Karma – It’s Contagious

Today was sort of a whirlwind in my breast cancer world.  A faculty member in my department, someone I actually know and have a friendly relationship with, has been diagnosed with breast cancer.  She is having a mastectomy on Tuesday.  There are 51 full-time faculty members in my department.  Now two of them have been diagnosed with breast cancer in the span of three months.  Not to make light of the situation, but I feel like it’s contagious.

But then again, so is karma.  While I was out, two faculty members took over my three courses with only four days notice.  So, I have offered to take over my colleague’s course and will be teaching it for the rest of the semester – only four more weeks.  Many people went out of their way for me while I was out and without really even knowing me – I have only been teaching at this school since August.  The least I can do is pay back the favor.  It’s good karma.

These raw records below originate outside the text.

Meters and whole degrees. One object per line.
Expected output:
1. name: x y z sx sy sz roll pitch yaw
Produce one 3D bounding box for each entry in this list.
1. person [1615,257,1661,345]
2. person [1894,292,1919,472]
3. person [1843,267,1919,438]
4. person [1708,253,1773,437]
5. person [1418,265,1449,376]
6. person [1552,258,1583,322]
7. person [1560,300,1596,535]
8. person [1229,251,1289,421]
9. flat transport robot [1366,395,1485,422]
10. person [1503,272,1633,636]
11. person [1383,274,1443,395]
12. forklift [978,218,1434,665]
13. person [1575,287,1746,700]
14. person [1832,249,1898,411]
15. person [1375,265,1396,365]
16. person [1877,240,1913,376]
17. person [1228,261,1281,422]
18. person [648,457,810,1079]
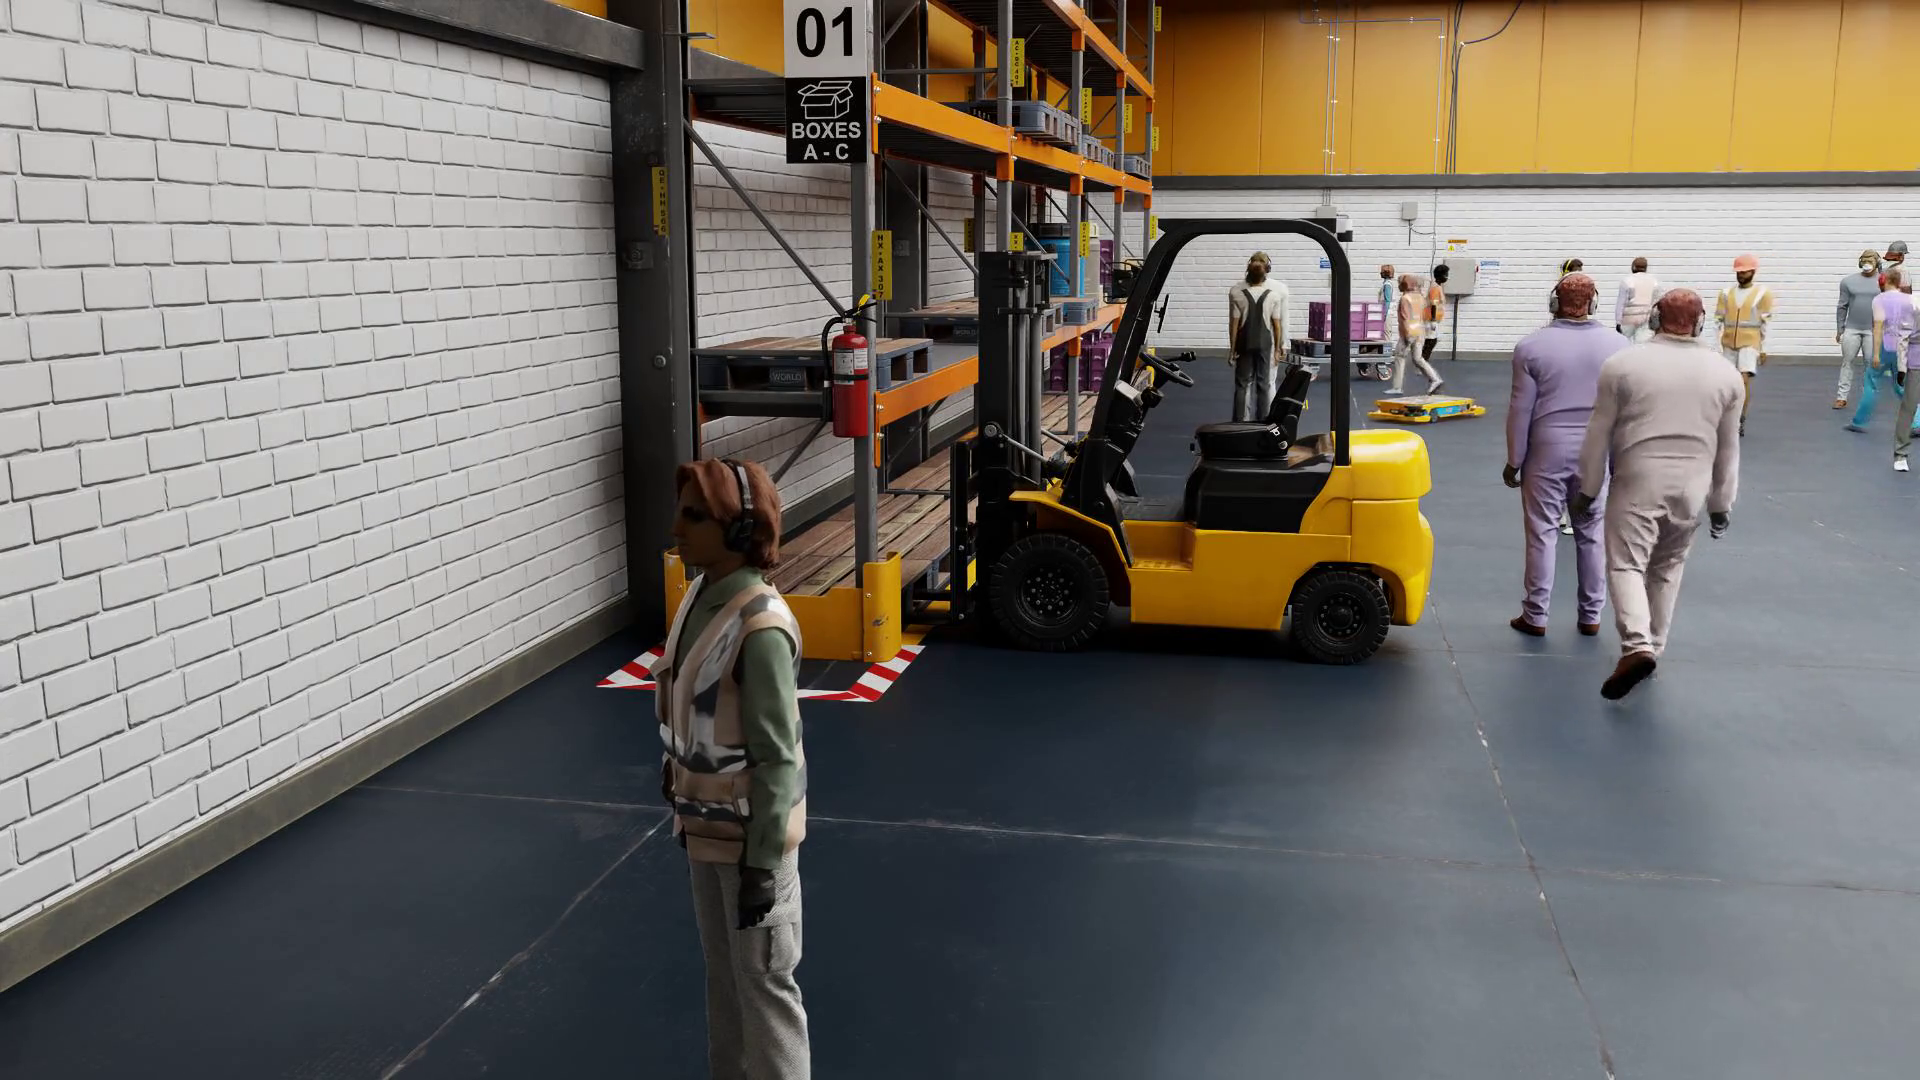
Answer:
1. person: 9.497 -3.079 23.475 0.641 1.803 0.727 -1 10 -4
2. person: 8.656 -1.561 14.815 0.588 1.928 0.383 2 10 8
3. person: 9.799 -1.970 17.493 0.633 1.782 0.965 -3 11 -17
4. person: 8.155 -2.043 17.500 0.707 1.916 0.560 -10 14 -42
5. person: 7.122 -3.295 25.012 0.368 1.680 0.557 4 11 20
6. person: 6.924 -2.300 19.079 0.529 1.851 0.617 -7 12 -33
7. person: 4.309 -0.920 11.742 0.330 1.767 0.528 -4 11 -19
8. person: 3.118 -2.037 17.391 0.632 1.940 0.372 2 11 13
9. flat transport robot: 5.365 -1.521 19.140 1.431 0.197 0.652 -9 14 -41
10. person: 3.173 -0.442 8.736 0.644 1.907 0.399 0 10 2
11. person: 6.040 -2.708 22.000 0.721 1.608 0.523 8 13 37
12. forklift: 1.285 -0.567 8.635 2.313 2.155 1.214 2 11 11
13. person: 3.223 -0.208 7.605 0.692 1.874 0.835 1 10 4
14. person: 10.925 -2.530 20.098 0.629 1.940 0.377 7 13 35
15. person: 6.988 -3.689 27.265 0.310 1.642 0.514 3 11 16
16. person: 14.073 -3.492 25.089 0.538 2.000 0.690 -3 11 -17
17. person: 3.060 -1.968 17.289 0.544 1.841 0.393 1 10 7
18. person: -0.480 0.634 3.558 0.308 1.645 0.515 -5 12 -27

Today I also read that Joanna Rudnick has been diagnosed with breast cancer and is scheduled for a mastectomy sometime in the near future.  I don’t know Joanna personally.  Many people in the BRCA community have probably seen her documentary, In the Family, which has helped to bring a lot of people to FORCE.  If you haven’t seen it, you really should (and right now it’s screening free on the PBS website in order to raise awareness for the upcoming Supreme Court debate about gene patenting).  When Joanna was beginning her documentary several years ago and looking for BRCA stories, she and I exchanged a few emails; I went back into my gmail and realized that I had saved them.  At the time, we were both single.  I was a grad student and didn’t have good enough insurance to have prophylactic surgery – not to mention, I wasn’t even ready to do it and back in 2006, it was completely taboo – I didn’t even tell my doctor about it because I was told my insurance could actually drop me because of my genetic status.  Anyway, somehow the conversation petered out and we never did meet to talk about her project.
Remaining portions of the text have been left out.